Professor Riddle's appearance in the Great Hall quickly turned into a spectacle. It was well known that he usually preferred to order his meals directly from the Kitchen's house-elves, transfiguring whatever wasn't to his liking using Gamp's Law to avoid unnecessary fraternizing with students and faculty alike. Given the rare occasion, several Slytherin girls, and even one or two of the boys, wore coy smiles and giggled to each other. Everyone was so distracted that it would have been miraculous if someone had noticed the girls' eyes glaze over for a half-second.

As he crossed the Great Hall to the Professors' Table, several of the staff gawked, wondering what had brought their colleague out of his reclusion.

The most glowering pair of eyes belonged to Minerva McGonagall, a dour-looking witch of forty-eight, who sat next to Dumbledore at the centre of the table. She wore a woollen fisherman's cardigan of the sort likely procured from a muggle shop, paired with a cream blouse and tartan skirt; her dull brown hair was pulled in a bun so tight that it surely must have given her migraines. Tom and Minerva had only overlapped one year as students at Hogwarts, and she had gone to work for the Ministry immediately after graduation, meaning they were never in direct competition with each other. But she had always been close with Dumbledore, and it seemed like his grudges and suspicions about Tom were transferred to her.

He began piling a few slices of bacon and tomato onto his plate just as he spied Bellatrix, who was only now emerging through the entranceway. She wore leggings under her loose-fitting athletic robes, as they had decided she would pretend to have gone for an early morning jog along the Black Lake, something she did on occasion to clear her head. That would suffice to answer the questions of any of the other Slytherins who might have recalled her being missing from the Common Room that morning. Tom thought to himself that Bellatrix could have a successful acting career, should she desire it.

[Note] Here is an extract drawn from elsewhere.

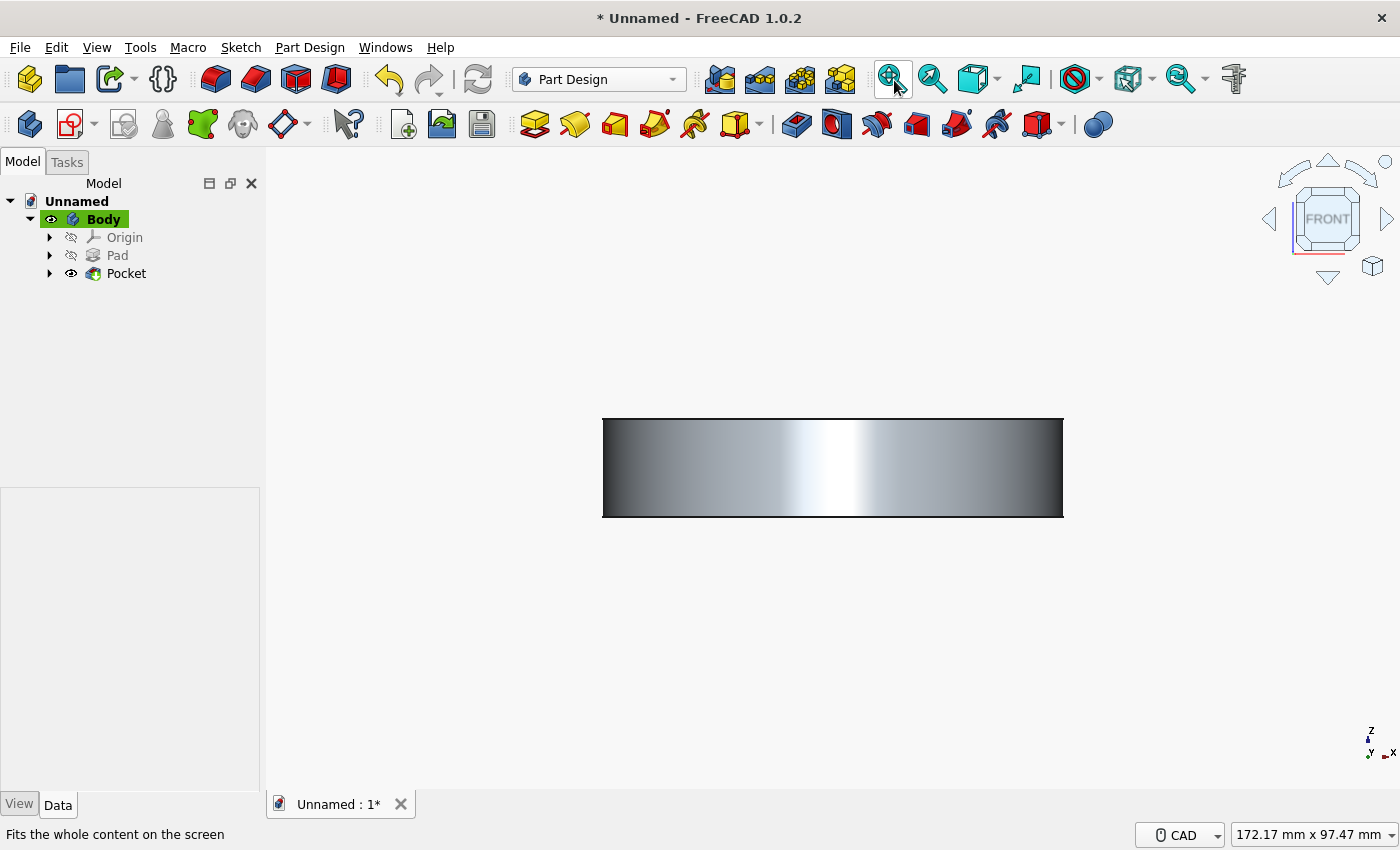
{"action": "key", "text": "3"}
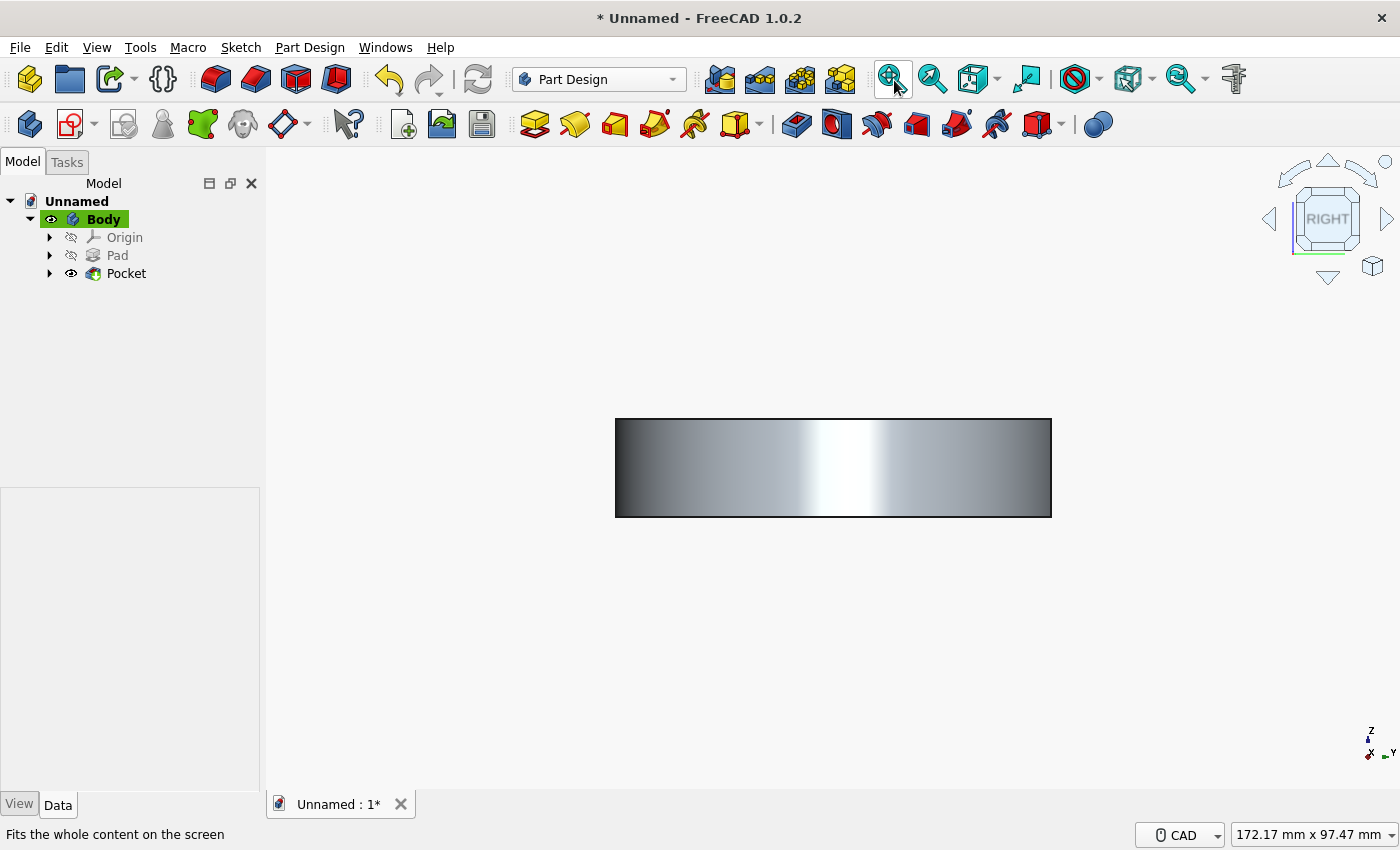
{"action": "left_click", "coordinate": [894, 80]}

He found a seat at the very end of the table next to Slughorn. The Potions' professor was halfway through his second cup of coffee, and could not have exhibited a more contrasting reaction to Minerva. He greeted him uproariously, "Tom, my boy! What a treat that you've joined us this morning! Solving Golpalott's unfinished fourth theorem, were you? Or perhaps wrapped up your innovative trace magic approach to dealing with the vampires?" Horace gave Tom a genuine smile.

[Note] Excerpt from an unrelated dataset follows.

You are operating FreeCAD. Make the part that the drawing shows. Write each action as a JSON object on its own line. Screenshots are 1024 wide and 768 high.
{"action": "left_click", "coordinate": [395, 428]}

"Ha. Well, I have been quite busy. Working with an assistant is of some help, but I find myself needing more hours in the day than there are," Tom said, casting a subtle glance over to where Dumbledore and McGonagall were apparently now discussing knitting patterns.

He always made sure to raise his Occlumency shields whenever he was within sight of Dumbledore, even with Professors Flitwick, Kettleburn, Binns, and Sprout separating them. It would be unwise to underestimate his enemy, as much as Tom felt it tempting to pass him off as a senile crank whose glory days of duelling Grindelwald were well behind him.

"So, Tom, did you ever go on a date with Miss Winnicott?" Slughorn asked slyly.

"Oh. Erm…she's a nice person. But I think we were not compatible with one another." Tom wished that he was anywhere else but having this conversation.

"Why, Tom, what could possibly have been the problem?" Slughorn's expression shifted from glee to mild irritation. "I refuse to believe that you are incompatible with such a lovely career-minded witch as Emma; very fine sartorial taste, not unlike her mother, Eugenia—who was a knockout in her day, I'll have you know—we met at the Society of British Potioneers, where she was one of the first witches to join the society. But I was too late. She was already smitten with a dashing herbologist from Wales. We kept in touch through the years, you see. She's quite upset that her only daughter is about to turn thirty and still living at home." Slughorn delivered his monologue without bothering to check if Tom was still listening as he poured out his heart into praising the daughter of the witch that got away from him. Professor Riddle finally seized an opening as Slughorn crunched on a particularly dense oat cake,

"Miss Winnicott keeps two kneazles, and I am very allergic. She was quite insistent that she would not part with the kneazles," Tom lied.

"Is that so? She never mentioned that to me. How very odd," said Slughorn with the faintest hint of a frown.

This was followed by something of an uncomfortable silence. Tom gulped his breakfast in record time, and casually mentioned that he still needed to prepare for his third-year class on werewolves. As he got up from the table to leave, he pulled out a bag of candied pineapple from his pocket.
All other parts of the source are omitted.